NORTH EAST Briefs

Youth held for using fake documents to attend medical class Guwahati, February 7 (IANS): Police in Assam's Cachar district have arrested a youth for using fake documents to attend classes at the Silchar Medical College and for claiming that he has links with Bangladesh-based jihadi outfits. Police are on the lookout for three other accomplices of the man, identified as Suman Aziz Laskar. "We arrested Suman Aziz Laskar after receiving intimation from the principal on Saturday. The youth was attending classes for the fourth semester of the MBBS course for the last few days. However, he had no documents to prove his admission," said Cachar Superintendent of Police Rajveer Singh. During interrogation, he said he was involved with a Bangladesh-based terror group and that he hails from Bangladesh. "However, we checked his credentials and found that he hails from a village near Silchar in Assam's Barak Valley," the police officer said. Police were taking the matter very seriously, particularly after his revelations of a nexus with Bangladesh-based terror groups, he said. College authorities said some students doubted his credentials after he started attending classes. Laskar told his classmates that he got a transfer to Silchar Medical college from Tezpur Medical College. "We have contacted his parents. However, he is changing his statement every now and then," the police superintendent said.  
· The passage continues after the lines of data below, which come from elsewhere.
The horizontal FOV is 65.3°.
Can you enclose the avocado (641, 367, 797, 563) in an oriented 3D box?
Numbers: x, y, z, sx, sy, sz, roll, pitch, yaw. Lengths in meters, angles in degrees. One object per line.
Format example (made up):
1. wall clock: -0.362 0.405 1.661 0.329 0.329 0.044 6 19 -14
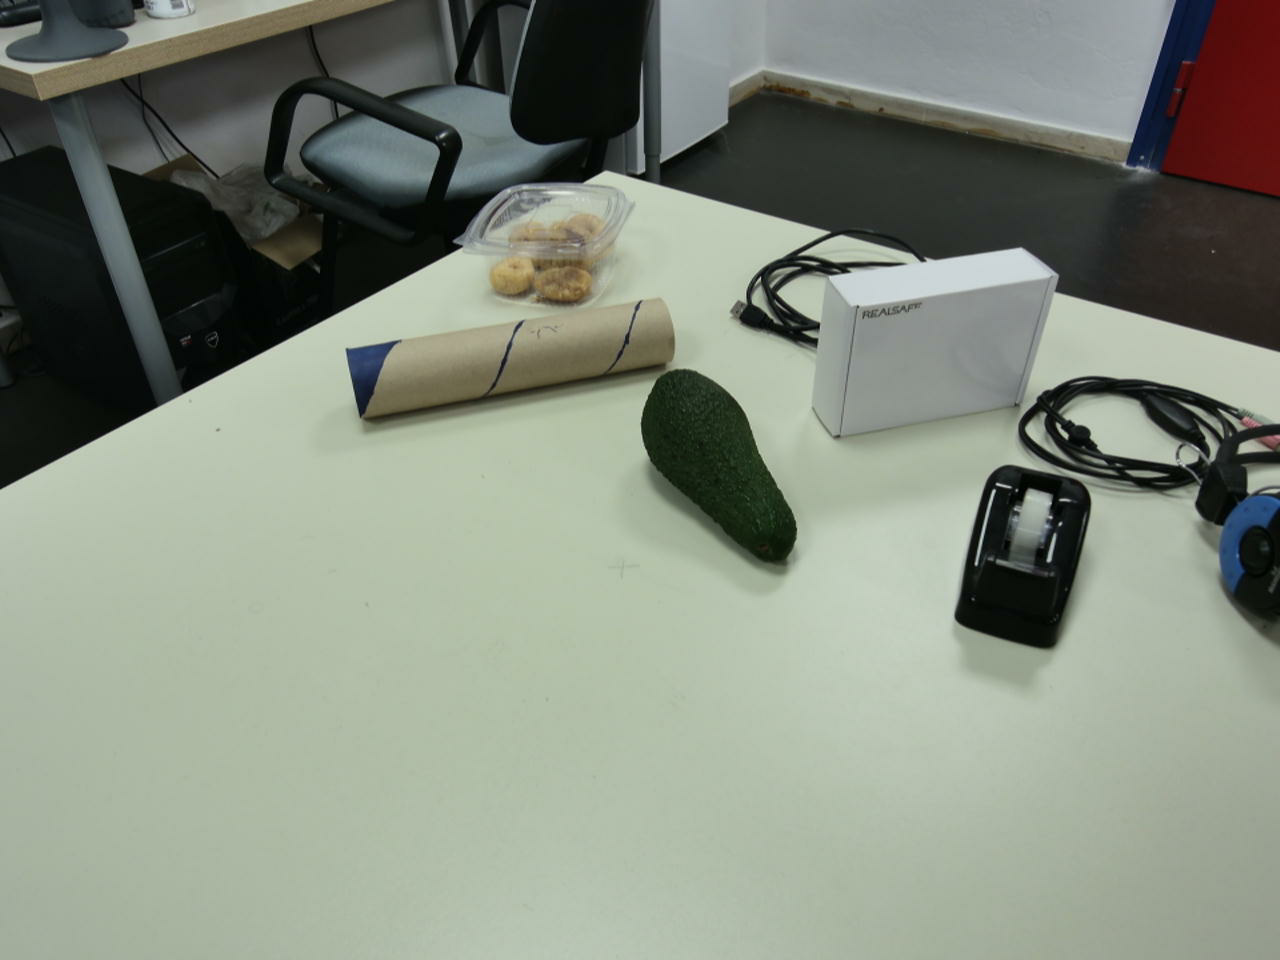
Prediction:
1. avocado: 0.051 -0.016 0.585 0.063 0.067 0.141 -25 44 -29
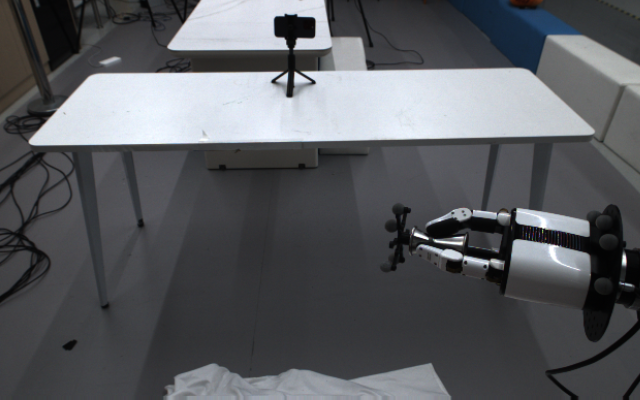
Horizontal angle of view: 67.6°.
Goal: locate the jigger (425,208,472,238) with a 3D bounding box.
[{"bbox_3d":[0.159,0.054,0.621,0.071,0.043,0.043,8,34,23],"label":"jigger"}]
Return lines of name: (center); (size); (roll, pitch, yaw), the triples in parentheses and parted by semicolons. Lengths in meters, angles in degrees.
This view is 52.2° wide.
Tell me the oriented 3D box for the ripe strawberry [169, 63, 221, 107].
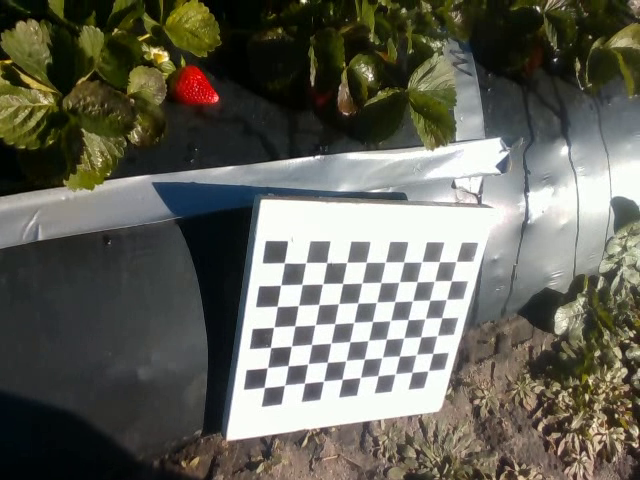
ripe strawberry: (-0.126, -0.153, 0.652); (0.058, 0.046, 0.042); (33, 4, -14)
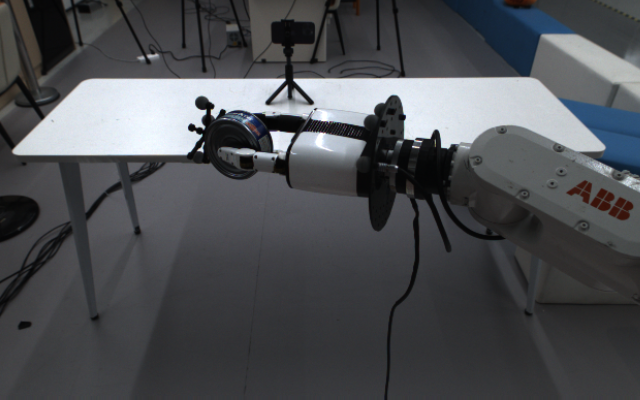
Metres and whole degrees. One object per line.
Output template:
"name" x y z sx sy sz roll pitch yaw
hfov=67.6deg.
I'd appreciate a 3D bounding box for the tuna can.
"tuna can" -0.104 -0.072 0.627 0.085 0.085 0.034 14 31 16
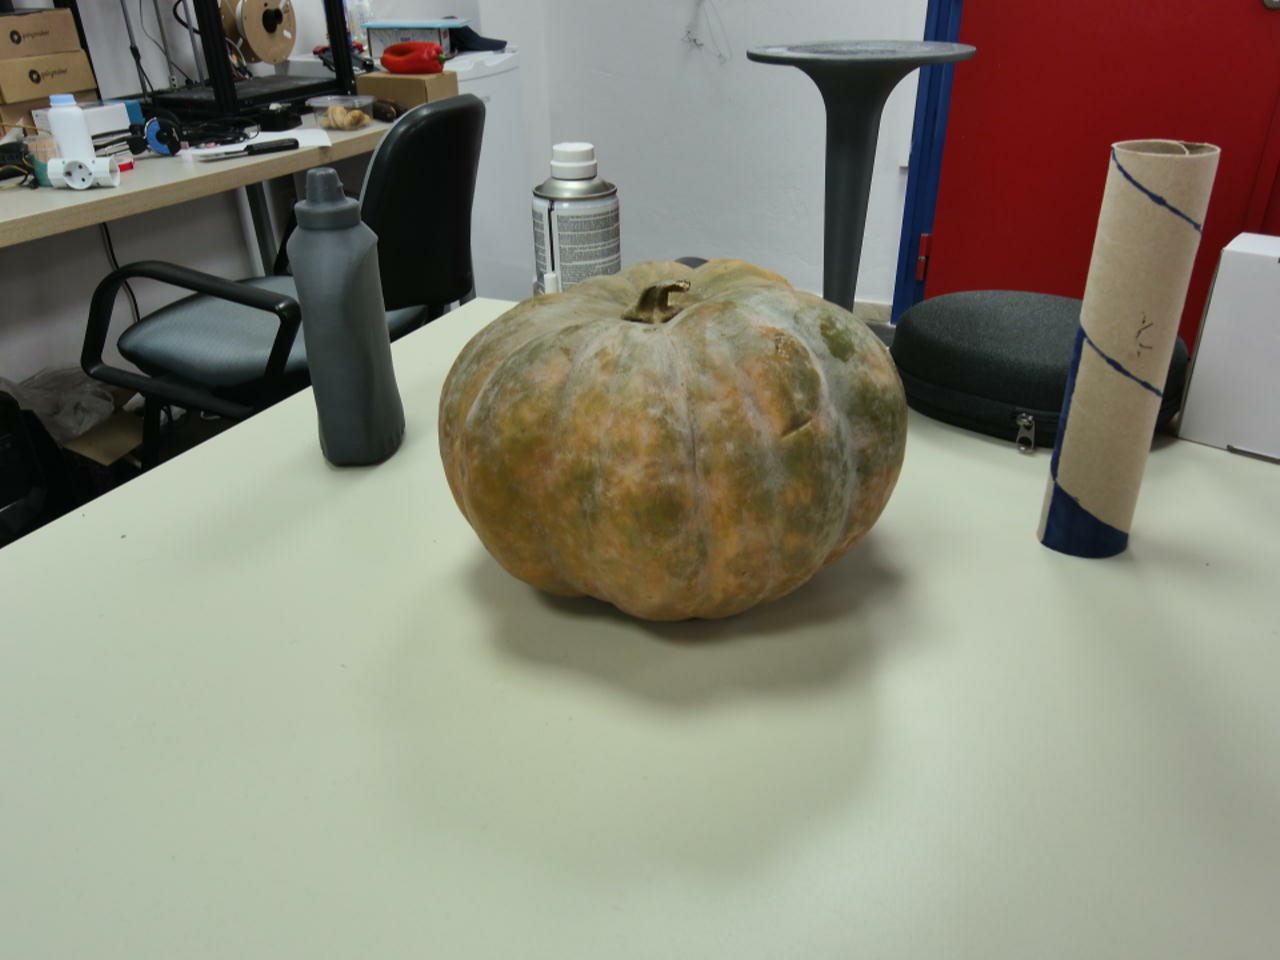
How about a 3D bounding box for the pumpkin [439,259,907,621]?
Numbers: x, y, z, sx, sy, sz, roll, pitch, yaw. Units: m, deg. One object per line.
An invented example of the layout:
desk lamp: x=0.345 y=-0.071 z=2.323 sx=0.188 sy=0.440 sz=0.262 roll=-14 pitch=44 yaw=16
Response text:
pumpkin: x=0.013 y=-0.029 z=0.544 sx=0.252 sy=0.169 sz=0.251 roll=0 pitch=26 yaw=0

Darjeeling CPI(M) slams ration policy Darjeeling, February 7 (PTI): The CPI(M)'s Darjeeling unit today alleged the ruling Trinamool Congress government is discriminating against the people of Hills in its ration policy.  "Earlier each individual would get 13.2 Kgs of Rice, Sugar, Wheat and Atta (flour) in a month... Now the government only gives 11 kg per person in which they give 6 Kgs of rice and 5 kgs of Atta... The TMC government has taken away Wheat and Sugar that we used to get," Hill CPI(M) leader Tara Sundas said here.  "This government is anti-Hill, in the recent past they stuck out names of 25 per cent people each in Darjeeling and Kurseong from the ration eligibility roll, and today only 75 per cent of people in Darjeeling and Kurseong receive ration...In Kalimpong they cut the names of 45 per cent of eligible persons, which means only 55 per cent of people in Kalimpong region will get ration... This government has directly targetted and discriminated against the hill people and that is what we are protesting against," he said.  "According to National Food Security Act all the ration should be packed in pouches of 750 grams... And this government has started to do so in the plains... But in the hills they send stuffs in sacks and it is not packaged... Due to which the food item get rotten... We demand that people in the hills should also be given ration in proper packages, the hill people are not refugees and we demand equality...", he said.  A district official discounted the charge of CPI(M) and said there was no discrmination against the the Hills people.